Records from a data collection
_ _ _ _ _

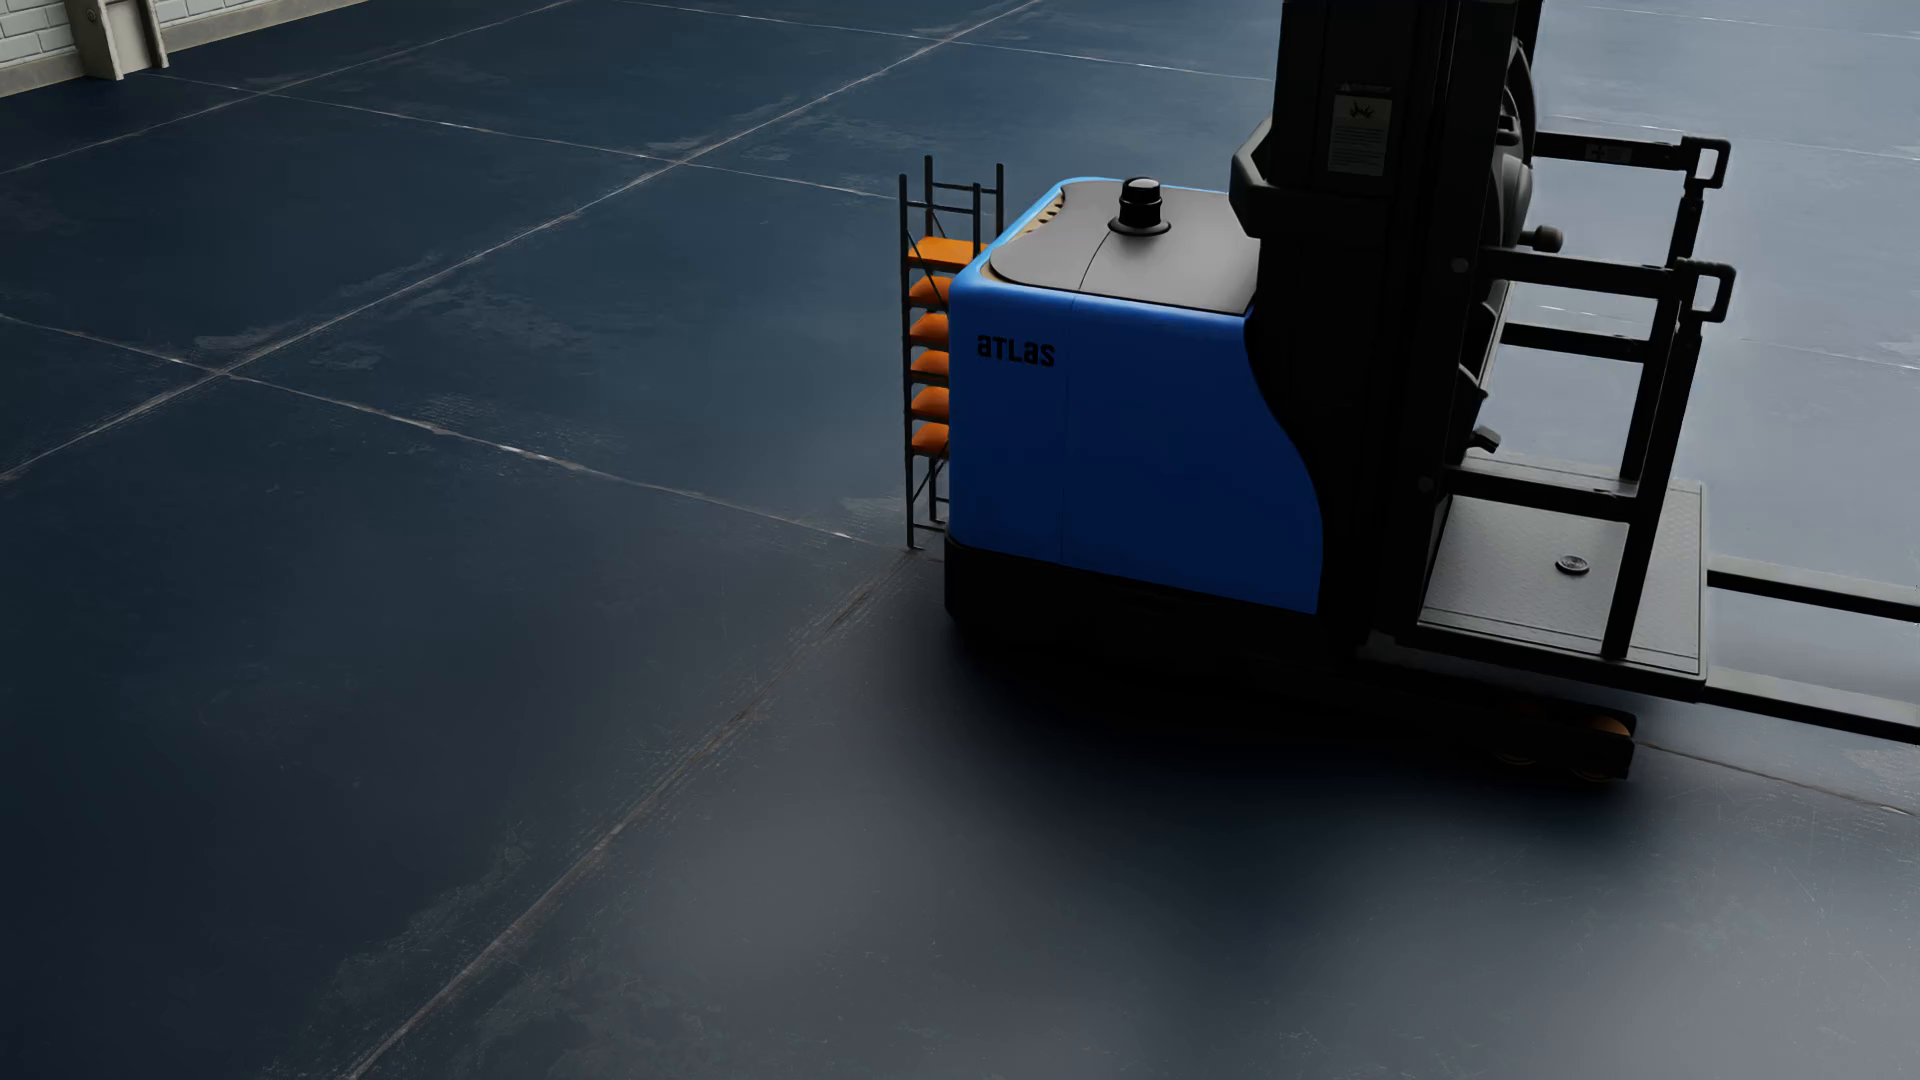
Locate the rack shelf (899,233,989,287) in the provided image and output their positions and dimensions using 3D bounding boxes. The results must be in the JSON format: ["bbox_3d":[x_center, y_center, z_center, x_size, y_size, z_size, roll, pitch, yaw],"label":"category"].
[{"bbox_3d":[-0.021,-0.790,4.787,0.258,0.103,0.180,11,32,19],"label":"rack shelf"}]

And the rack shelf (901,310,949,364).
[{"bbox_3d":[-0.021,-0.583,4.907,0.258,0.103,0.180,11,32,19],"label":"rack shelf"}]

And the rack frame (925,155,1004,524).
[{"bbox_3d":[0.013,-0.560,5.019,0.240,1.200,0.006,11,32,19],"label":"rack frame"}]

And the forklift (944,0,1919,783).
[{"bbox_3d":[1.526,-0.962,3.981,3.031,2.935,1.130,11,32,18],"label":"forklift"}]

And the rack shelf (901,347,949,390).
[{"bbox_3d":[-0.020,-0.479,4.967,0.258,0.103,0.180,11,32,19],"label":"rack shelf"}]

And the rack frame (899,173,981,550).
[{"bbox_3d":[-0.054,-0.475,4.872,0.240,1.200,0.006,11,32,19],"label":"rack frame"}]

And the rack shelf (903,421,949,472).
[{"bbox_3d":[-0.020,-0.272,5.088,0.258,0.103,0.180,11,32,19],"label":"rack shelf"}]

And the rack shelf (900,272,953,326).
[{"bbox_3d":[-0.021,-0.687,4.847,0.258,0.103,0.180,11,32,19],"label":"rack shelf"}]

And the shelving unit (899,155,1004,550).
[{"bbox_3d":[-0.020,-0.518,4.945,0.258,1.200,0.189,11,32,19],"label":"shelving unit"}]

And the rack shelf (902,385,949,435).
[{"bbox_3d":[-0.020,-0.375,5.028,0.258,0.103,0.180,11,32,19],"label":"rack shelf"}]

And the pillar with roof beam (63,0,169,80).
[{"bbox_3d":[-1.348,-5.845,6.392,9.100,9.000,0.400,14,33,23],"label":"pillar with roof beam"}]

_ _ _ _ _

WORK ITEM
Output nothing but the line containing "And the rack shelf (902,385,949,435)." and each line after it in the entries above, exactly as written.

EXERCISE ANSWER
And the rack shelf (902,385,949,435).
[{"bbox_3d":[-0.020,-0.375,5.028,0.258,0.103,0.180,11,32,19],"label":"rack shelf"}]

And the pillar with roof beam (63,0,169,80).
[{"bbox_3d":[-1.348,-5.845,6.392,9.100,9.000,0.400,14,33,23],"label":"pillar with roof beam"}]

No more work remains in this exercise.